Leider lässt die handschriftliche Ueberlieferung des Schreibens viel zu wünschen übrig. Der volle Text desselben findet sich in dem Sammelband Cod. 267 des Merton - College in Oxford, Bl. 109 bis 115a, von einer Hand vom Eingang des 14. Jahrhunderts1. Der von alter Hand geschriebene Titel lautet: 'Quedam epistola destinata a fratre Roberto archiepiscopo Cantuariensi ad alium archiepiscopum de articulis et erroribus condempnatis Oxonie [eingefügt: Parisius], ut patet intuenti.' Doch ist diese Abschrift sowohl fehlerhaft, als stellenweise sehr schwer leserlich. Sehr erwünscht kam mir daher eine Florentiner Handschrift, welche ehemals in S. Marco armar. IV, Cod. 25 ad sin. war und jetzt in der Nationalbibliothek Cod. I. VII. 47 der Abtheilung 'Dai conventi soppressi' ist. Es ist dies ein Pergamentband aus dem 14. Jahrhundert, welcher nach einer Reihe kleiner Schriften des hl. Thomas, Albert des Grossen, Hugo von St. Chair Bl. 106 bis 107b unsere Schrift enthält mit der von jüngerer Hand stammenden Ueberschrift: 'Declaratio falsitatis quorumdam articulorum.' Doch leider bricht der Text gegen die Mitte ab. Gerne hätte ich daher die zweite Hälfte meiner vor sieben Jahren gefertigten Abschrift noch einmal mit der Oxforder Handschrift verglichen, um womöglich die Zahl der Lücken und der zweifelhaften Lesarten zu reduciren; doch war es mir leider nicht vergönnt. Die Oxforder Handschrift bietet im Vergleich zu der Florentiner an einigen Stellen einen etwas verkürzten Text.
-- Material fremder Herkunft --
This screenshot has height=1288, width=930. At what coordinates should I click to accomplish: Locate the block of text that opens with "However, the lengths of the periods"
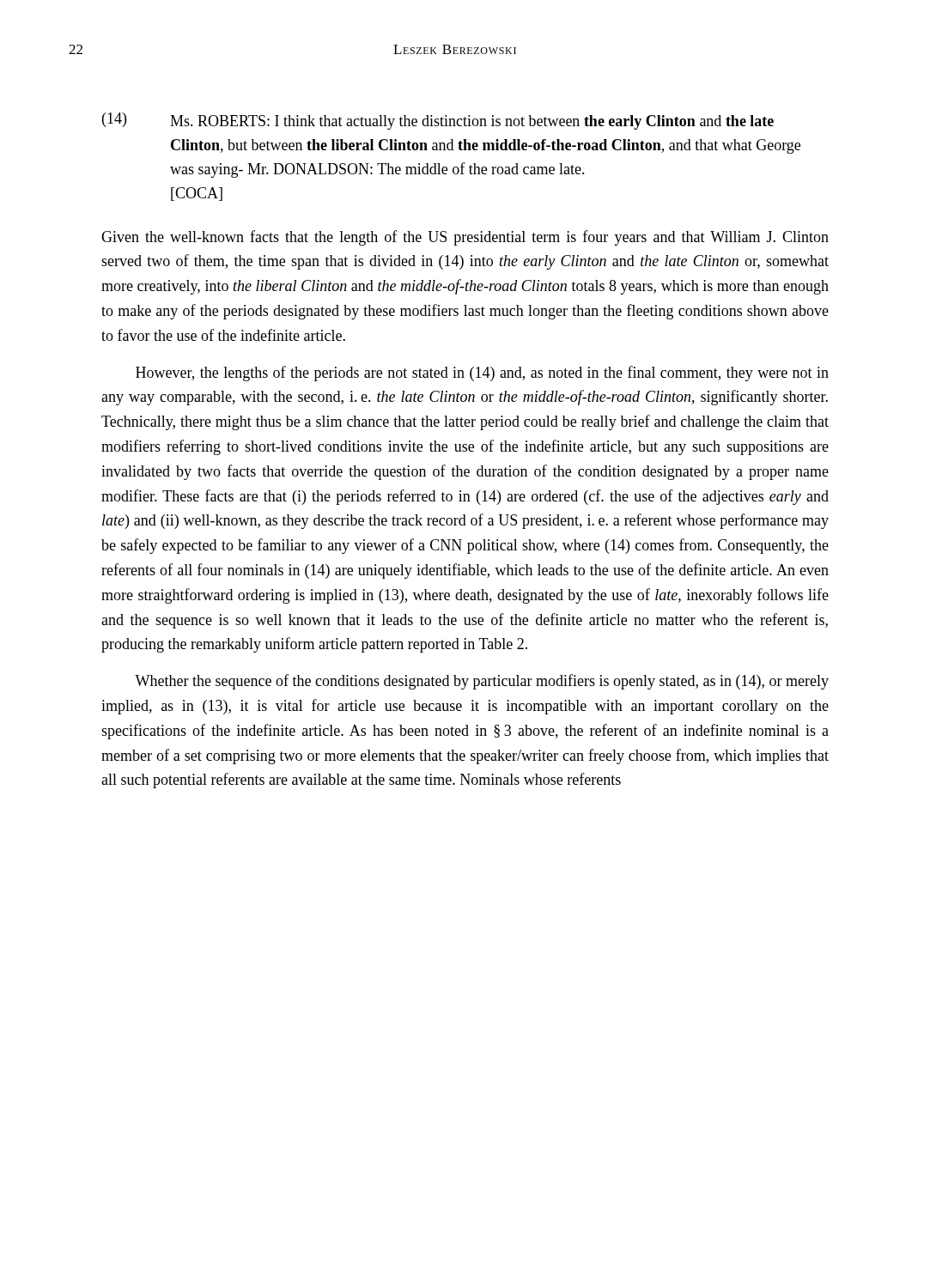pos(465,508)
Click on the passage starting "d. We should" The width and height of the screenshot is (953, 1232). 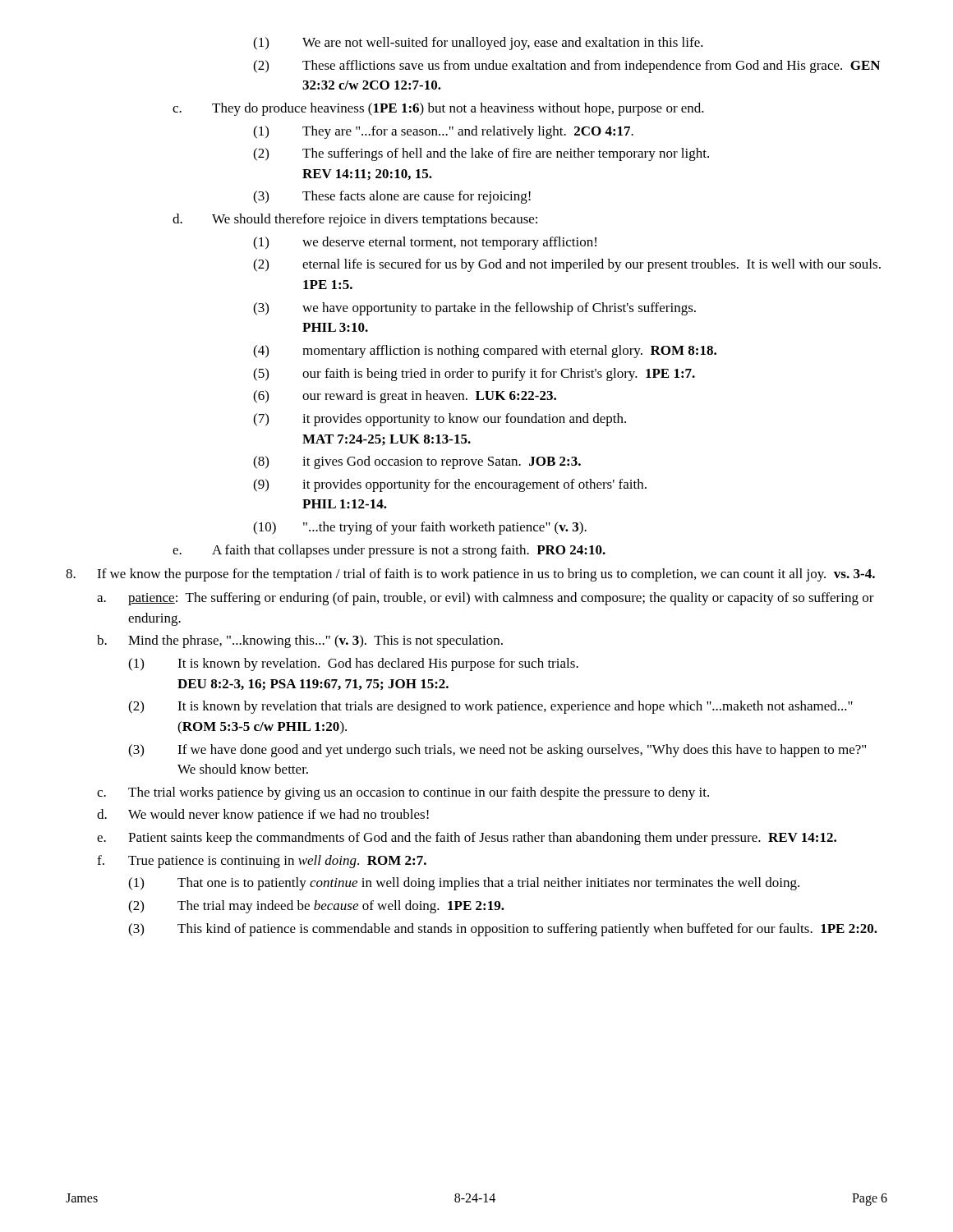pos(530,220)
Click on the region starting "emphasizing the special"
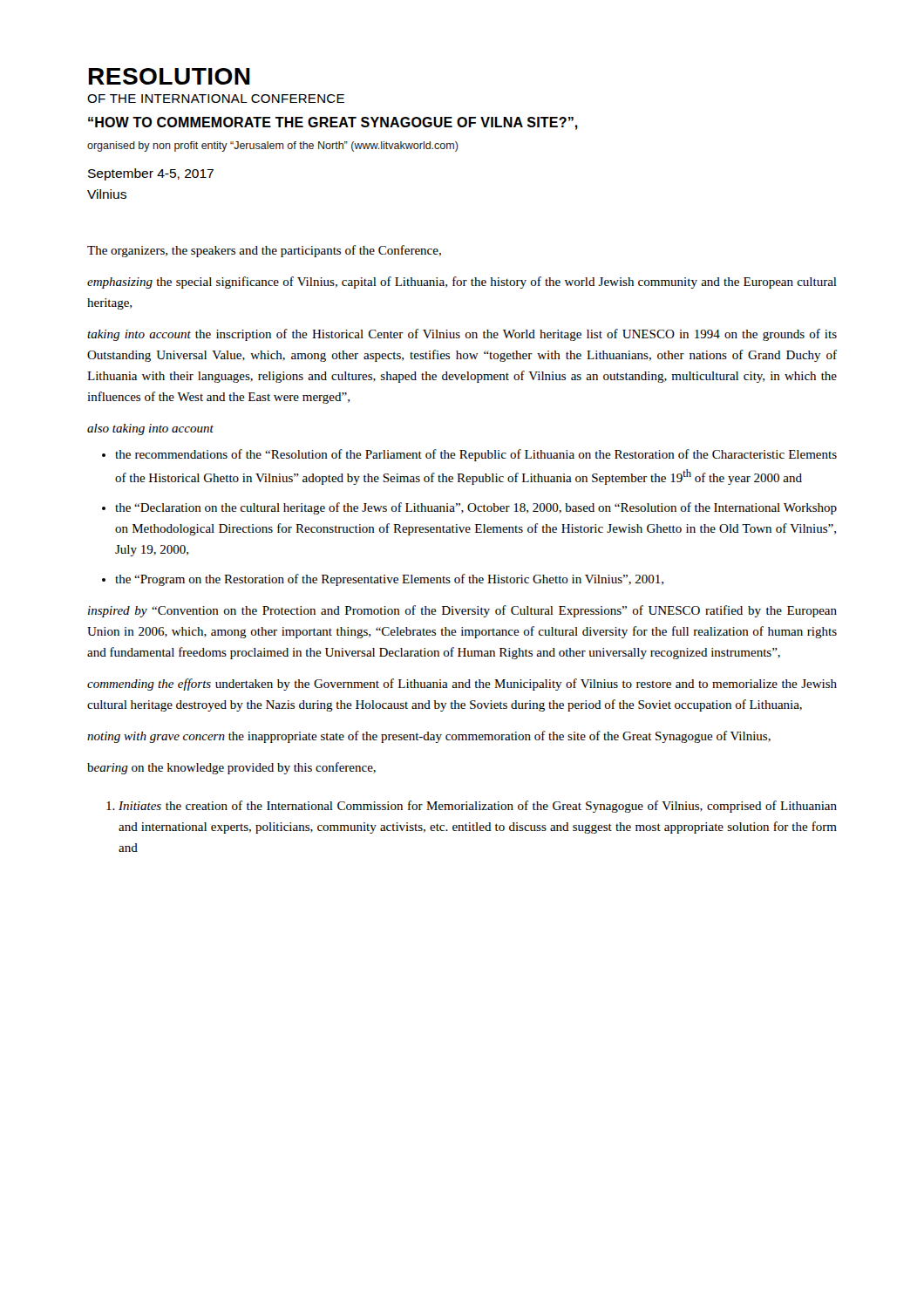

Quétif und Echard glaubten, das Schreiben Kilwardby's sei an Wilhelm von Morbeka gerichtet, doch wies neuerdings P. Denifle 2 nach, dass Petrus de Confleto der Adressat ist.

1 S. die Beschreibung und Inhaltsangabe in Coxe, Catalogus codd. mss. collegiorum et aularum Oxoniensium I, 105.

2 Chartularium univ. Paris. I, 559; vgl. Archiv f. Lit.- und Kirchengesch. II, 207, Anm. 5.